Aim of the task:
This exercise calls for retyping every line below exactly, with the images omitted.

[Items listed in a dataset]

= Beginning of Section =

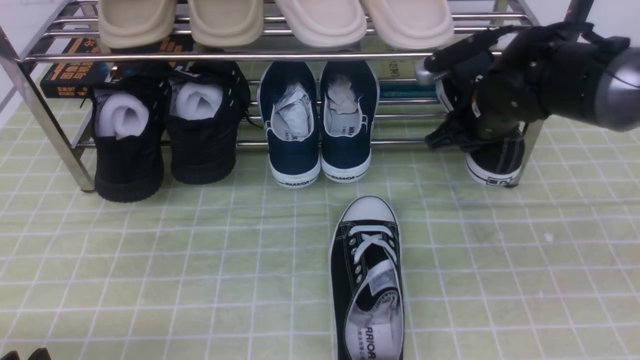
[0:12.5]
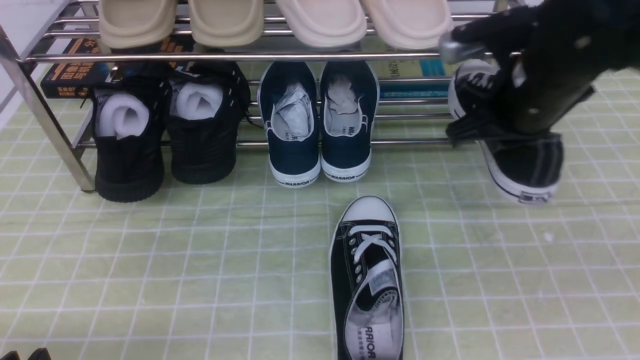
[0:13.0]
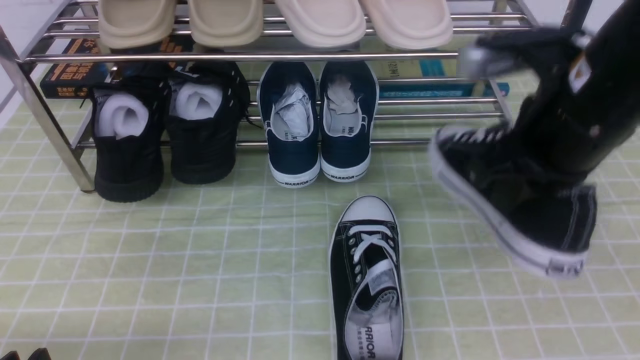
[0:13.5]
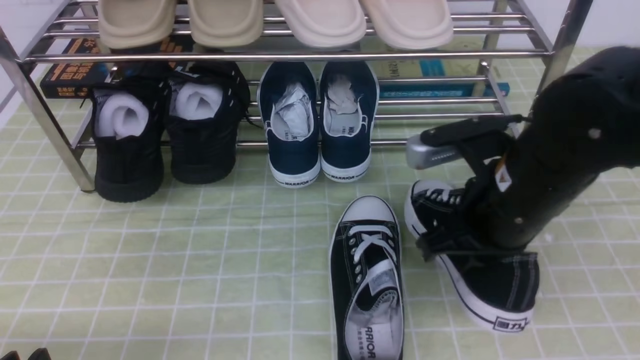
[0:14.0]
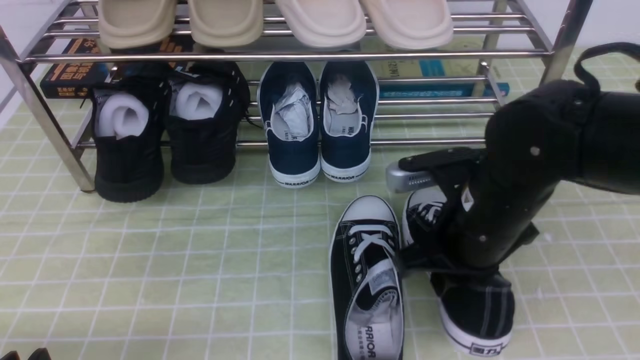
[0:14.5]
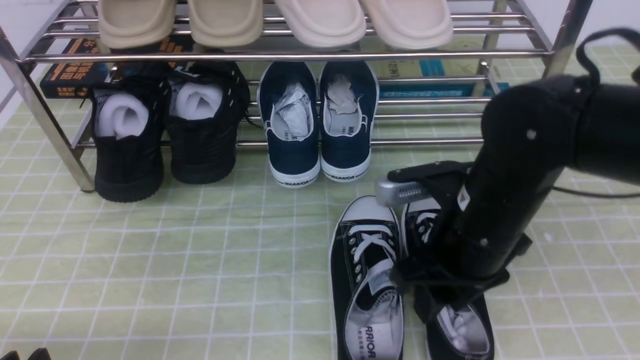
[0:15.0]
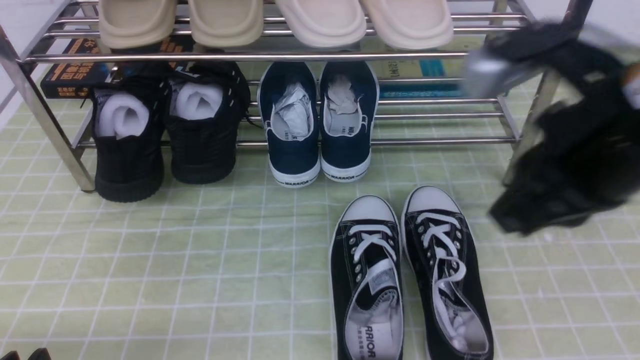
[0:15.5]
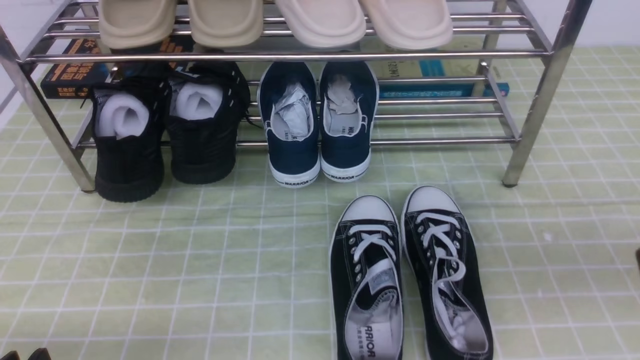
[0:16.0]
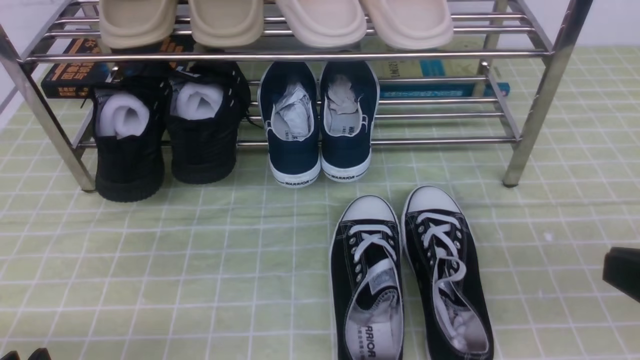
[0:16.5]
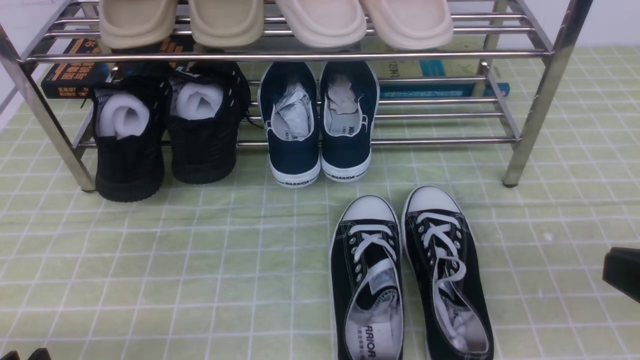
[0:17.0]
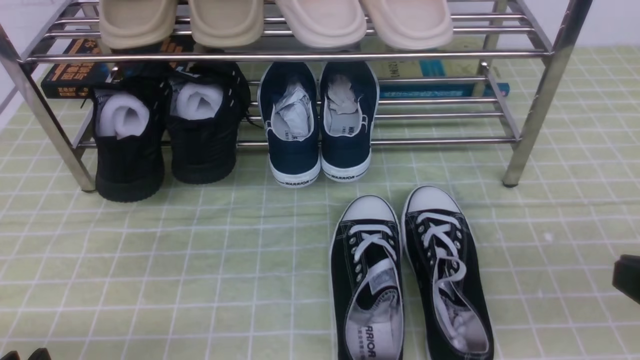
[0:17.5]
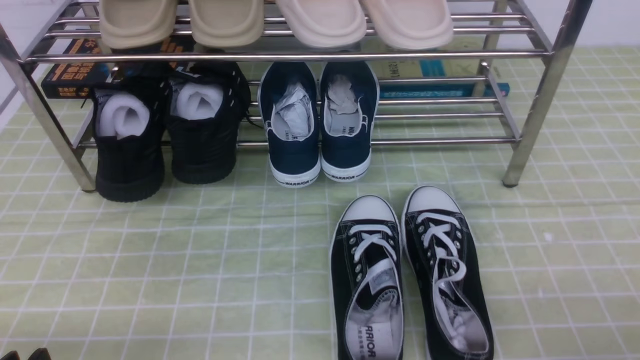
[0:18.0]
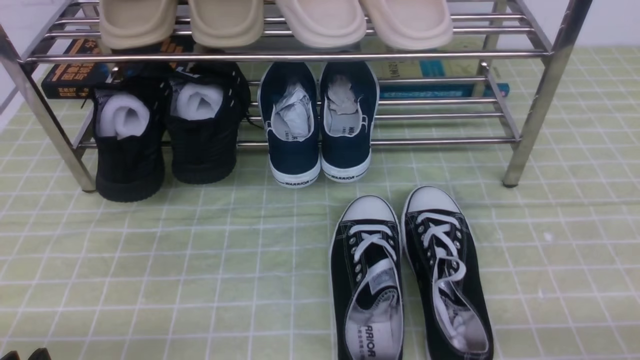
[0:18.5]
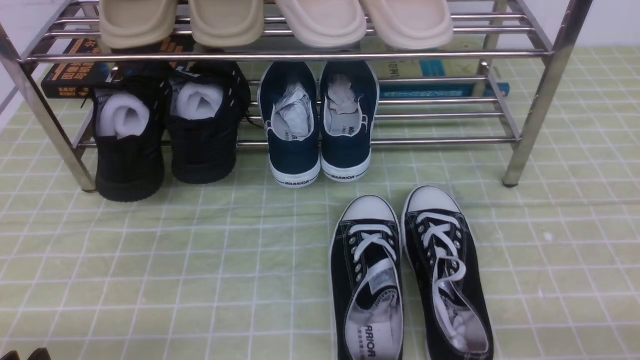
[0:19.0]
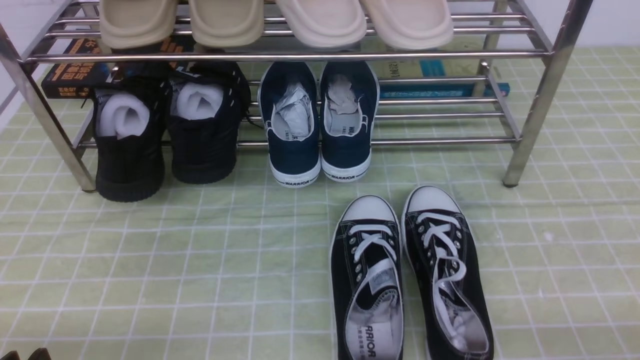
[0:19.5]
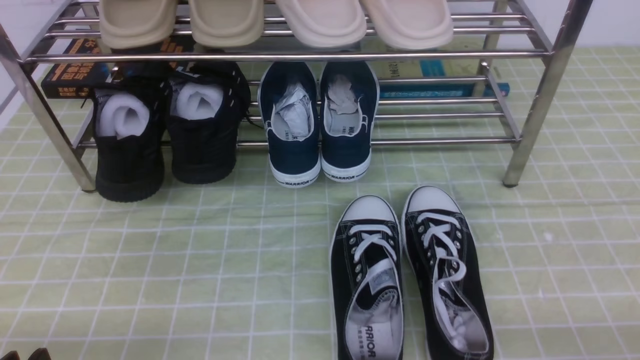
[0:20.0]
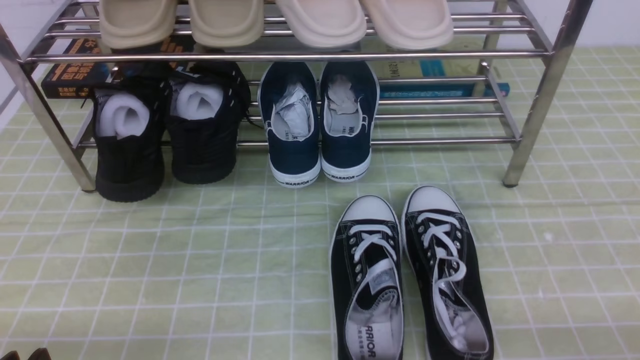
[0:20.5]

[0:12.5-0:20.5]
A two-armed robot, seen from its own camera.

= End of Section =

Response to the task:
[0:12.5]
[0:13.0]
[0:13.5]
[0:14.0]
[0:14.5]
[0:15.0]
[0:15.5]
[0:16.0]
[0:16.5]
[0:17.0]
[0:17.5]
[0:18.0]
[0:18.5]
[0:19.0]
[0:19.5]
[0:20.0]
[0:20.5]

[0:12.5-0:20.5]
A two-armed robot, seen from its own camera.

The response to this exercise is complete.